Regardless of whether you are in the office or working from home, if you are performing duties for the benefit of your employer, you are entitled to compensation for all of your hours worked. For example, if your boss asks you to do certain tasks before your shift begins, during a break period, at the end of your shift, or from home at night or on weekends, this is compensable working time under the FLSA. If your employer is not properly tracking all of your actual work time, you may be owed additional wages.
Being given a “bonus,” or cash, for overtime hours instead of time and one-half wages.
Under the FLSA, most employees are entitled to be paid time and one-half wages for every hour worked over 40 hours in a single work week. This is also true even if your boss gives you a “bonus,” or pays you straight-time at your regular hourly rate—and tells you that cash is acceptable consideration for the overtime hours you worked. Importantly, under the FLSA, a private agreement made by an employer with an employee to avoid paying time and one-half wages for all hours worked over 40 is generally unenforceable.
Independent contractors typically work on a contract basis for other businesses and are often individuals are who self-employed. However, merely because an employer labels you as an “independent contractor” does not change the reality that under the law, you are an employee entitled to overtime compensation. The key factors to consider in determining the economic realities of whether you are really an employee frequently include: (1) the nature and degree of the employer’s control of the manner in which work is performed; (2) the employee’s opportunity for profit or loss from the performance of the work; (3) whether an employee purchases and provides the equipment, materials, and supplies necessary to carry out the work—or hires other workers to carry out the work; (4) whether the services require a specialized skill; (5) the degree of permanency and duration of the working relationship; and (6) the extent to which the worker’s services are an integral part of the employer’s business.

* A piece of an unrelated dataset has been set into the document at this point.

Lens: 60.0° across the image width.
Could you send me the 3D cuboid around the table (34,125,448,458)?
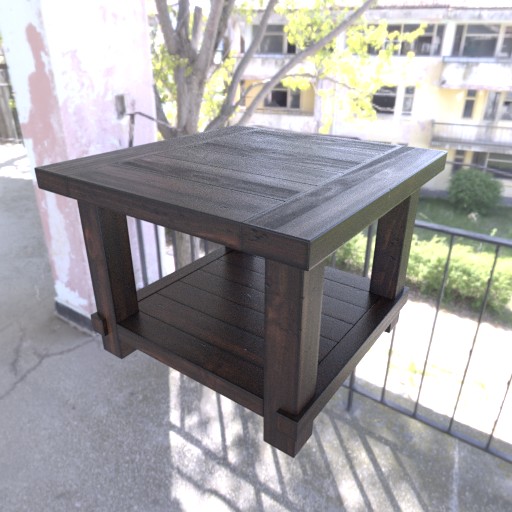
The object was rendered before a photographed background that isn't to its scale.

If you believe you were misclassified as an ‘independent contractor,” contact us for a free evaluation to determine if you may be entitled to overtime pay.
While there are exemptions to the FLSA’s overtime provisions in some instances, just because you are paid either entirely or partially through commissions does not mean you are excluded from recovering overtime compensation. The FLSA’s retail, or commission, sales exemption has a number of technical requirements that employers frequently cannot meet because of the complexity of the law, including for example, whether more than Fifty percent (50%) of an employee’s total compensation for a representative period comes from commissions and whether the employee’s regular rate of pay is greater than time and one-half of the minimum wage—meaning that your effective hourly rate when calculated is more than $10.88/hour—for every hour worked in any week in which overtime hours are worked.

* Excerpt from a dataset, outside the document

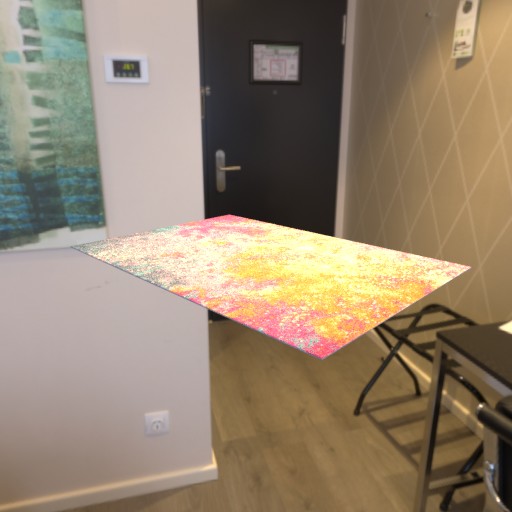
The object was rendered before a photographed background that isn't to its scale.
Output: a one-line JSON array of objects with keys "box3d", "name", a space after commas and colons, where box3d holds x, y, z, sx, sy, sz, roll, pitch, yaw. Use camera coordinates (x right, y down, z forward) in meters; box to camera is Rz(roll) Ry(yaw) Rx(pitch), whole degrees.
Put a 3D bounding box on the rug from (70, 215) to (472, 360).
[{"box3d": [0.000, 0.000, 3.837, 2.896, 0.013, 2.007, 16, 23, 42], "name": "rug"}]

If you work in completing installations, on construction projects, or in any other field where you are paid on a piece rate basis, the nature of your work typically doesn’t change your entitlement to additional compensation for your overtime hours. Rather, because the manner in which you are compensated does not, alone, determine your eligibility for overtime, you may be entitled to recover additional compensation for the work you performed.
Instead of paying overtime wages, some employers give workers “comp time”—or hours that can be used toward vacation or other time off—in lieu of paying time and one-half wages for hours worked in excess of 40 hours per week. Private employers may not substitute “comp time” for overtime pay when an employee works more than 40 hours in a week.